WORK ITEM — Say the number of lines holding the word "Bypass" in the data, and leave out everything else.

INPUT FOR THIS TASK —
----------
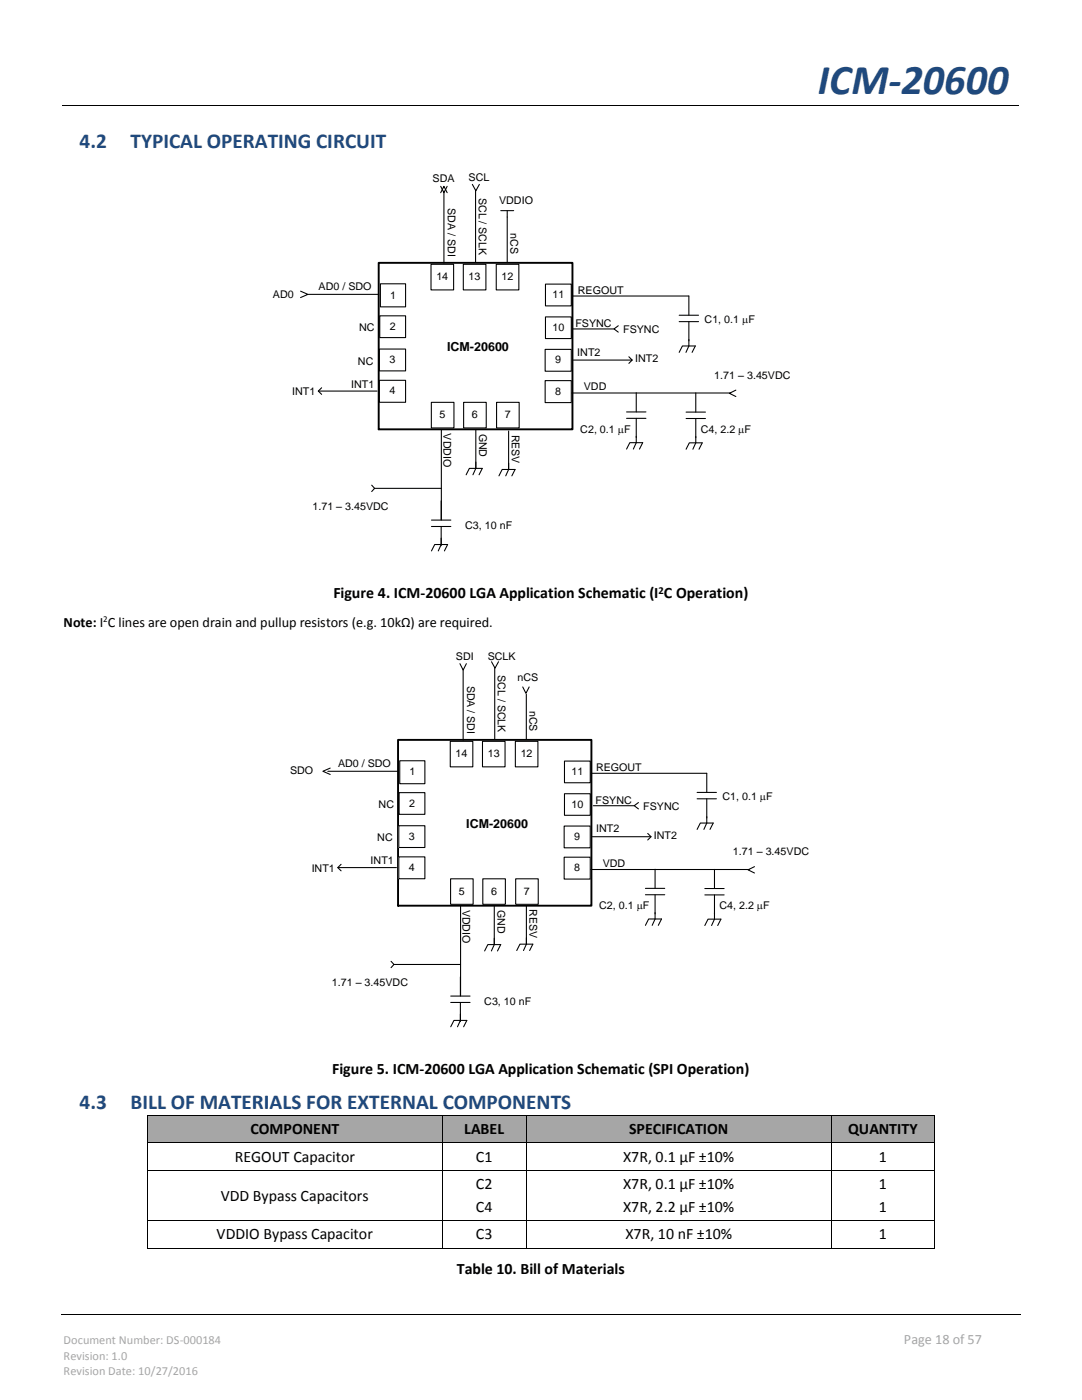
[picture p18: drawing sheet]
<svg xmlns="http://www.w3.org/2000/svg" width="216mm" height="279mm" viewBox="0 0 216 279" stroke-linecap="round" stroke-linejoin="round" font-family="sans-serif">
<defs><g id="words">
<text font-size="8.5" fill="#1f497d" x="163.2" y="18.7">ICM-20600</text>
<g font-size="4.2" fill="#1f497d">
<text x="15.9" y="29.5">4.2</text>
<text x="26" y="29.5">TYPICAL OPERATING CIRCUIT</text>
<text x="15.9" y="221.4">4.3</text>
<text x="26" y="221.4">BILL OF MATERIALS FOR EXTERNAL COMPONENTS</text>
</g>
<g font-size="3.2">
<text x="66.5" y="119.4">Figure 4. ICM-20600 LGA Application Schematic (I C Operation)</text>
<text x="66.3" y="214.4">Figure 5. ICM-20600 LGA Application Schematic (SPI Operation)</text>
<text x="50" y="226.4">COMPONENT</text>
<text x="92.6" y="226.4">LABEL</text>
<text x="125.5" y="226.4">SPECIFICATION</text>
<text x="169.2" y="226.4">QUANTITY</text>
<text x="46.8" y="231.9">REGOUT Capacitor</text>
<text x="95" y="231.9">C1</text>
<text x="124.3" y="231.9">X7R, 0.1 µF ±10%</text>
<text x="175.4" y="231.9">1</text>
<text x="44" y="239.6">VDD Bypass Capacitors</text>
<text x="95" y="237.3">C2</text>
<text x="124.3" y="237.3">X7R, 0.1 µF ±10%</text>
<text x="175.4" y="237.3">1</text>
<text x="95" y="241.9">C4</text>
<text x="124.3" y="241.9">X7R, 2.2 µF ±10%</text>
<text x="175.4" y="241.9">1</text>
<text x="43.2" y="247.3">VDDIO Bypass Capacitor</text>
<text x="95" y="247.3">C3</text>
<text x="124.8" y="247.3">X7R, 10 nF ±10%</text>
<text x="175.4" y="247.3">1</text>
<text x="91.2" y="254.3">Table 10. Bill of Materials</text>
</g>
<text font-size="2.8" x="12.7" y="125.1">Note: I C lines are open drain and pullup resistors (e.g. 10kΩ) are required.</text>
<text font-size="2.8" fill="#a6a6a6" x="180.4" y="268.3">Page 18 of 57</text>
<g font-size="2.5">
<text x="89.2" y="70">ICM-20600</text>
<text x="93" y="165.2">ICM-20600</text>
</g>
<g font-size="2.5" fill="#a6a6a6">
<text x="12.7" y="268.3">Document Number: DS-000184</text>
<text x="12.7" y="271.4">Revision: 1.0</text>
<text x="12.7" y="274.4">Revision Date: 10/27/2016</text>
</g>
<g font-size="2.1">
<text x="86.3" y="36.4">SDA</text>
<text x="89.4" y="41.6" transform="rotate(90 89.4 41.6)">SDA / SDI</text>
<text x="93.5" y="36.2">SCL</text>
<text x="95.5" y="39.5" transform="rotate(90 95.5 39.5)">SCL / SCLK</text>
<text x="99.6" y="40.8">VDDIO</text>
<text x="101.9" y="46.6" transform="rotate(90 101.9 46.6)">nCS</text>
<text x="54.5" y="59.4">AD0</text>
<text x="63.6" y="57.9">AD0 / SDO</text>
<text x="77.8" y="59.6">1</text>
<text x="87.1" y="55.9">14</text>
<text x="93.5" y="55.9">13</text>
<text x="100.1" y="55.9">12</text>
<text x="110.2" y="59.5">11</text>
<text x="115.3" y="58.6">REGOUT</text>
<text x="77.8" y="65.8">2</text>
<text x="114.8" y="65.3">FSYNC</text>
<text x="140.6" y="64.4">C1, 0.1 mF</text>
<text x="71.7" y="66.1">NC</text>
<text x="110.2" y="66">10</text>
<text x="115.2" y="71">INT2</text>
<text x="124.3" y="66.4">FSYNC</text>
<text x="70.1" y="77.4">INT1</text>
<text x="71.4" y="72.8">NC</text>
<text x="77.7" y="72.5">3</text>
<text x="110.8" y="72.5">9</text>
<text x="116.5" y="77.9">VDD</text>
<text x="126.7" y="72.3">INT2</text>
<text x="142.5" y="75.5">1.71 – 3.45VDC</text>
<text x="58.3" y="78.9">INT1</text>
<text x="77.7" y="78.7">4</text>
<text x="87.7" y="83.5">5</text>
<text x="94.2" y="83.5">6</text>
<text x="100.7" y="83.5">7</text>
<text x="110.8" y="78.8">8</text>
<text x="88.5" y="86.5" transform="rotate(90 88.5 86.5)">VDDIO</text>
<text x="95.6" y="86.5" transform="rotate(90 95.6 86.5)">GND</text>
<text x="102.1" y="86.7" transform="rotate(90 102.1 86.7)">RESV</text>
<text x="115.8" y="86.3">C2, 0.1 mF</text>
<text x="139.8" y="86.3">C4, 2.2 mF</text>
<text x="62.3" y="101.7">1.71 – 3.45VDC</text>
<text x="92.8" y="105.6">C3, 10 nF</text>
<text x="131.4" y="118.6">2</text>
<text x="91" y="131.7">SDI</text>
<text x="97.3" y="131.7">SCLK</text>
<text x="93.2" y="136.8" transform="rotate(90 93.2 136.8)">SDA / SDI</text>
<text x="99.4" y="134.7" transform="rotate(90 99.4 134.7)">SCL / SCLK</text>
<text x="103.3" y="135.8">nCS</text>
<text x="105.7" y="141.8" transform="rotate(90 105.7 141.8)">nCS</text>
<text x="57.9" y="154.6">SDO</text>
<text x="67.4" y="153">AD0 / SDO</text>
<text x="81.7" y="154.7">1</text>
<text x="90.9" y="151.1">14</text>
<text x="97.3" y="151.1">13</text>
<text x="103.9" y="151.1">12</text>
<text x="114" y="154.7">11</text>
<text x="118.9" y="153.9">REGOUT</text>
<text x="75.5" y="161.3">NC</text>
<text x="81.6" y="161">2</text>
<text x="114" y="161.2">10</text>
<text x="118.8" y="160.4">FSYNC</text>
<text x="128.4" y="161.6">FSYNC</text>
<text x="144.2" y="159.7">C1, 0.1 mF</text>
<text x="75.3" y="167.9">NC</text>
<text x="81.6" y="167.6">3</text>
<text x="114.6" y="167.7">9</text>
<text x="119" y="166.1">INT2</text>
<text x="130.5" y="167.4">INT2</text>
<text x="62.2" y="174">INT1</text>
<text x="74" y="172.5">INT1</text>
<text x="81.6" y="173.8">4</text>
<text x="114.6" y="173.9">8</text>
<text x="120.3" y="173">VDD</text>
<text x="146.3" y="170.7">1.71 – 3.45VDC</text>
<text x="91.6" y="178.6">5</text>
<text x="98" y="178.6">6</text>
<text x="104.6" y="178.6">7</text>
<text x="92.3" y="181.6" transform="rotate(90 92.3 181.6)">VDDIO</text>
<text x="99.3" y="181.6" transform="rotate(90 99.3 181.6)">GND</text>
<text x="105.7" y="181.5" transform="rotate(90 105.7 181.5)">RESV</text>
<text x="119.6" y="181.4">C2, 0.1 mF</text>
<text x="143.6" y="181.4">C4, 2.2 mF</text>
<text x="66.2" y="196.7">1.71 – 3.45VDC</text>
<text x="96.6" y="200.6">C3, 10 nF</text>
</g>
<text font-size="1.8" x="20.6" y="124.2">2</text>
</g></defs>
<path d="M12.4 21.1h190.8M12.2 262.4h191.5" fill="none" stroke="#000" stroke-width=".2"/>
<path d="M60.2 21h.1v.2h-.1z" fill-rule="evenodd" fill="#000"/>
<path d="M87.9 37.2l.7 1.3 .6-1.3M87.9 38.5l.7-1.3 .6 1.3M88.6 38.5v14M94.3 36.8l.7 1.3 .7-1.3M60 58.1l1.4 .6-1.4 .7M146.8 77.9l-1.3 .6 1.3 .6M74.2 96.8l.5 .7-.5 .6M88.1 85.8v17.9" fill="none" stroke="#000" stroke-width=".21"/>
<path d="M75.6 52.5h38.6v33.2h-38.6z" fill="none" stroke="#000" stroke-width=".38"/>
<path d="M75.8 63h5.1v4.4h-5.1z" fill-rule="evenodd" fill="#fff"/>
<path d="M75.8 63h5.1v4.4h-5.1z" fill="none" stroke="#000" stroke-width=".21"/>
<path d="M75.9 56.6h5v4.6h-5z" fill-rule="evenodd" fill="#fff"/>
<path d="M75.9 56.6h5v4.6h-5z" fill="none" stroke="#000" stroke-width=".21"/>
<path d="M75.7 75.9h5.2v4.4h-5.2z" fill-rule="evenodd" fill="#fff"/>
<path d="M75.7 75.9h5.2v4.4h-5.2z" fill="none" stroke="#000" stroke-width=".21"/>
<path d="M75.7 69.7h5.2v4.3h-5.2z" fill-rule="evenodd" fill="#fff"/>
<path d="M75.7 69.7h5.2v4.3h-5.2z" fill="none" stroke="#000" stroke-width=".21"/>
<path d="M86.1 80.3h4.5v5.1h-4.5z" fill-rule="evenodd" fill="#fff"/>
<path d="M86.1 80.3h4.5v5.1h-4.5z" fill="none" stroke="#000" stroke-width=".21"/>
<path d="M92.5 80.3h4.5v5.1h-4.5z" fill-rule="evenodd" fill="#fff"/>
<path d="M92.5 80.3h4.5v5.1h-4.5z" fill="none" stroke="#000" stroke-width=".21"/>
<path d="M99.1 80.3h4.5v5.1h-4.5z" fill-rule="evenodd" fill="#fff"/>
<path d="M99.1 80.3h4.5v5.1h-4.5z" fill="none" stroke="#000" stroke-width=".21"/>
<path d="M108.8 63.2h5.2v4.4h-5.2z" fill-rule="evenodd" fill="#fff"/>
<path d="M108.8 63.2h5.2v4.4h-5.2z" fill="none" stroke="#000" stroke-width=".21"/>
<path d="M108.8 56.7h5.2v4.3h-5.2z" fill-rule="evenodd" fill="#fff"/>
<path d="M108.8 56.7h5.2v4.3h-5.2z" fill="none" stroke="#000" stroke-width=".21"/>
<path d="M108.8 76h5.2v4.3h-5.2z" fill-rule="evenodd" fill="#fff"/>
<path d="M108.8 76h5.2v4.3h-5.2z" fill="none" stroke="#000" stroke-width=".21"/>
<path d="M108.8 69.7h5.2v4.4h-5.2z" fill-rule="evenodd" fill="#fff"/>
<path d="M108.8 69.7h5.2v4.4h-5.2z" fill="none" stroke="#000" stroke-width=".21"/>
<path d="M86 52.7h4.5v5.2h-4.5z" fill-rule="evenodd" fill="#fff"/>
<path d="M86 52.7h4.5v5.2h-4.5z" fill="none" stroke="#000" stroke-width=".21"/>
<path d="M92.4 52.7h4.6v5.2h-4.6z" fill-rule="evenodd" fill="#fff"/>
<path d="M92.4 52.7h4.6v5.2h-4.6z" fill="none" stroke="#000" stroke-width=".21"/>
<path d="M99 52.7h4.5v5.2h-4.5z" fill-rule="evenodd" fill="#fff"/>
<g fill="none" stroke="#000" stroke-width=".21">
<path d="M94.9 38.1v14.3M61.5 58.7h14.1M99 52.7h4.5v5.2h-4.5zM99.9 42h2.6M101.2 42v10.3M114.3 59.1h23.2v3.8M63.5 78h11.7M64.2 77.4l-.7 .6 .7 .7M114.1 78.4h31.7M114.3 65.6h8.2M114.4 71.9h11.7M123.4 65l-.9 .6 .9 .7"/>
<path d="M125.5 71.2l.6 .7-.6 .6M127 78.4v3.8M135.5 70.3l.7-1.3h2.5l-.6 1.3M135.5 62.9h3.9M135.5 64.2h3.9M137.5 64.2v4.8l-.6 1.3M138.8 78.4v3.8M74.7 97.5h13.4M88 100v3.8M93 94.8l.7-1.3h2.5l-.6 1.3M94.9 85.8v7.7l-.5 1.3M99.6 95l.6-1.3h2.6l-.7 1.3"/>
<path d="M101.5 86v7.7l-.6 1.3M125 89.6l.7-1.3h2.5l-.6 1.3M125 83.5h3.9M125 82.2h3.9M127 83.5v4.8l-.6 1.3M136.9 89.7l.6-1.3h2.6l-.6 1.3M136.9 82.2h3.9M136.9 83.5h3.9M138.8 83.5v4.9l-.5 1.3M86.1 109.9l.6-1.2h2.6l-.6 1.2M86.1 103.8h3.9M86.1 105.1h3.9"/>
<path d="M88 105.1v3.8M88 108.7l-.6 1.2M91.8 132.4l.6 1.3 .7-1.3M92.4 133.7v14M98.1 132.1l.7 1.2 .7-1.2M65.9 153.3l-1.5 .6 1.5 .7M150.5 173l-1.2 .6 1.2 .6M78 191.8l.6 .7-.6 .6M91.9 180.9v17.8"/>
</g>
<path d="M79.4 147.7h38.6v33.1h-38.6z" fill="none" stroke="#000" stroke-width=".38"/>
<path d="M79.6 158.2h5.2v4.3h-5.2z" fill-rule="evenodd" fill="#fff"/>
<path d="M79.6 158.2h5.2v4.3h-5.2z" fill="none" stroke="#000" stroke-width=".21"/>
<path d="M79.8 151.8h5v4.6h-5z" fill-rule="evenodd" fill="#fff"/>
<path d="M79.8 151.8h5v4.6h-5z" fill="none" stroke="#000" stroke-width=".21"/>
<path d="M79.6 171h5.2v4.4h-5.2z" fill-rule="evenodd" fill="#fff"/>
<path d="M79.6 171h5.2v4.4h-5.2z" fill="none" stroke="#000" stroke-width=".21"/>
<path d="M79.6 164.8h5.2v4.3h-5.2z" fill-rule="evenodd" fill="#fff"/>
<path d="M79.6 164.8h5.2v4.3h-5.2z" fill="none" stroke="#000" stroke-width=".21"/>
<path d="M89.9 175.4h4.5v5.1h-4.5z" fill-rule="evenodd" fill="#fff"/>
<path d="M89.9 175.4h4.5v5.1h-4.5z" fill="none" stroke="#000" stroke-width=".21"/>
<path d="M96.3 175.4h4.5v5.1h-4.5z" fill-rule="evenodd" fill="#fff"/>
<path d="M96.3 175.4h4.5v5.1h-4.5z" fill="none" stroke="#000" stroke-width=".21"/>
<path d="M102.9 175.4h4.5v5.1h-4.5z" fill-rule="evenodd" fill="#fff"/>
<path d="M102.9 175.4h4.5v5.1h-4.5z" fill="none" stroke="#000" stroke-width=".21"/>
<path d="M112.6 158.4h5.2v4.3h-5.2z" fill-rule="evenodd" fill="#fff"/>
<path d="M112.6 158.4h5.2v4.3h-5.2z" fill="none" stroke="#000" stroke-width=".21"/>
<path d="M112.6 151.9h5.2v4.3h-5.2z" fill-rule="evenodd" fill="#fff"/>
<path d="M112.6 151.9h5.2v4.3h-5.2z" fill="none" stroke="#000" stroke-width=".21"/>
<path d="M112.6 171.1h5.2v4.3h-5.2z" fill-rule="evenodd" fill="#fff"/>
<path d="M112.6 171.1h5.2v4.3h-5.2z" fill="none" stroke="#000" stroke-width=".21"/>
<path d="M112.6 164.9h5.2v4.3h-5.2z" fill-rule="evenodd" fill="#fff"/>
<path d="M112.6 164.9h5.2v4.3h-5.2z" fill="none" stroke="#000" stroke-width=".21"/>
<path d="M89.8 148h4.5v5h-4.5z" fill-rule="evenodd" fill="#fff"/>
<path d="M89.8 148h4.5v5h-4.5z" fill="none" stroke="#000" stroke-width=".21"/>
<path d="M96.3 148h4.5v5h-4.5z" fill-rule="evenodd" fill="#fff"/>
<path d="M96.3 148h4.5v5h-4.5z" fill="none" stroke="#000" stroke-width=".21"/>
<path d="M102.8 148h4.5v5h-4.5z" fill-rule="evenodd" fill="#fff"/>
<g fill="none" stroke="#000" stroke-width=".21">
<path d="M98.7 133.3v14.3M104.3 137.1l.6 1.3 .7-1.3M105 138.6v8.9M65.4 153.9h14M102.8 148h4.5v5h-4.5zM118 154.3h23v3.8M139.1 158.1h3.9M139.1 159.4h3.9M141 159.4v4.9l-.6 1.2M67.4 173.1h11.7M68.1 172.5l-.7 .6 .7 .7M117.9 173.5h31.6"/>
<path d="M118.2 167h11.7M118.4 160.8h8.1M127.4 160.2l-.8 .6 .8 .6M128.8 178.6h3.8M128.8 177.3h3.8M129.2 166.3l.7 .7-.7 .6M130.7 173.5v3.8M130.7 178.6v4.8l-.6 1.3M139.1 165.5l.6-1.2h2.6l-.6 1.2M140.6 177.3h3.9M140.6 178.6h3.9M142.6 173.5v3.8"/>
<path d="M142.6 178.6v4.8l-.6 1.3M78.6 192.5h13.3M89.9 198.8h3.9M91.9 195v3.8M96.7 189.8l.6-1.3h2.6l-.6 1.3M98.6 180.9v7.6l-.6 1.3M103.1 189.7l.6-1.3h2.6l-.6 1.3M105 180.8v7.6l-.5 1.3M128.8 184.7l.6-1.3h2.6l-.6 1.3M140.6 184.7l.7-1.3h2.6l-.7 1.3M89.9 204.9l.7-1.3h2.6l-.7 1.3M89.9 200.1h3.9"/>
<path d="M91.9 200.1v3.8M91.9 203.6l-.6 1.3"/>
</g>
<g fill="#a6a6a6">
<path d="M29.6 222.7h58.6v5.3h-58.6z" fill-rule="evenodd"/>
<path d="M31.4 222.7h54.9v5.3h-54.9z" fill-rule="evenodd"/>
<path d="M88.3 222.7h16.6v5.3h-16.6z" fill-rule="evenodd"/>
<path d="M90.1 222.7h13v5.3h-13z" fill-rule="evenodd"/>
<path d="M105.1 222.7h60.8v5.3h-60.8z" fill-rule="evenodd"/>
<path d="M106.9 222.7h57.1v5.3h-57.1z" fill-rule="evenodd"/>
<path d="M166 222.7h20.4v5.3h-20.4z" fill-rule="evenodd"/>
<path d="M167.8 222.7h16.8v5.3h-16.8z" fill-rule="evenodd"/>
</g>
<g fill="#000">
<path d="M29.4 222.5h.2v.2h-.2z" fill-rule="evenodd"/>
<path d="M29.4 222.5h.2v.2h-.2z" fill-rule="evenodd"/>
<path d="M29.4 228h.2v.2h-.2z" fill-rule="evenodd"/>
<path d="M29.4 233.5h.2v.1h-.2z" fill-rule="evenodd"/>
<path d="M88.2 222.5h.1v.2h-.1z" fill-rule="evenodd"/>
<path d="M88.2 228h.1v.2h-.1z" fill-rule="evenodd"/>
<path d="M88.2 233.5h.1v.1h-.1z" fill-rule="evenodd"/>
<path d="M104.9 222.5h.2v.2h-.2z" fill-rule="evenodd"/>
<path d="M104.9 228h.2v.2h-.2z" fill-rule="evenodd"/>
<path d="M104.9 233.5h.2v.1h-.2z" fill-rule="evenodd"/>
<path d="M165.9 222.5h.1v.2h-.1z" fill-rule="evenodd"/>
<path d="M165.9 228h.1v.2h-.1z" fill-rule="evenodd"/>
<path d="M165.9 233.5h.1v.1h-.1z" fill-rule="evenodd"/>
<path d="M186.4 222.5h.2v.2h-.2z" fill-rule="evenodd"/>
<path d="M186.4 222.5h.2v.2h-.2z" fill-rule="evenodd"/>
<path d="M186.4 228h.2v.2h-.2z" fill-rule="evenodd"/>
<path d="M186.4 233.5h.2v.1h-.2z" fill-rule="evenodd"/>
<path d="M29.4 243.5h.2v.2h-.2z" fill-rule="evenodd"/>
<path d="M29.4 249h.2v.2h-.2z" fill-rule="evenodd"/>
<path d="M29.4 249h.2v.2h-.2z" fill-rule="evenodd"/>
<path d="M88.2 243.5h.1v.2h-.1z" fill-rule="evenodd"/>
<path d="M88.2 249h.1v.2h-.1z" fill-rule="evenodd"/>
<path d="M104.9 243.5h.2v.2h-.2z" fill-rule="evenodd"/>
<path d="M104.9 249h.2v.2h-.2z" fill-rule="evenodd"/>
<path d="M165.9 243.5h.1v.2h-.1z" fill-rule="evenodd"/>
<path d="M165.9 249h.1v.2h-.1z" fill-rule="evenodd"/>
<path d="M186.4 243.5h.2v.2h-.2z" fill-rule="evenodd"/>
<path d="M186.4 249h.2v.2h-.2z" fill-rule="evenodd"/>
<path d="M186.4 249h.2v.2h-.2z" fill-rule="evenodd"/>
</g>
<g fill="none" stroke="#000" stroke-width=".2">
<path d="M29.5 222.7v5.3M29.5 228.2v5.3M29.5 233.6v9.9M29.6 222.6h58.6M29.6 228.1h58.6M29.6 233.5h58.6M88.2 222.7v5.3M88.2 228.2v5.3M88.2 233.6v9.9M88.3 222.6h16.6M88.3 228.1h16.6M88.3 233.5h16.6"/>
<path d="M105 222.7v5.3M105 228.2v5.3M105 233.6v9.9M105.1 222.6h60.8M105.1 228.1h60.8M105.1 233.5h60.8M165.9 222.7v5.3M165.9 228.2v5.3M165.9 233.6v9.9M166 222.6h20.4M166 228.1h20.4M166 233.5h20.4"/>
<path d="M186.5 222.7v5.3M186.5 228.2v5.3M186.5 233.6v9.9M29.5 243.7v5.3M29.6 243.6h58.6M29.6 249.1h58.6M88.2 243.7v5.3M88.3 243.6h16.6M88.3 249.1h16.6M105 243.7v5.3M105.1 243.6h60.8M105.1 249.1h60.8"/>
<path d="M165.9 243.7v5.3M166 243.6h20.4M166 249.1h20.4M186.5 243.7v5.3"/>
</g>
<use href="#words"/>
</svg>
----------
FINISHED EXERCISE — 2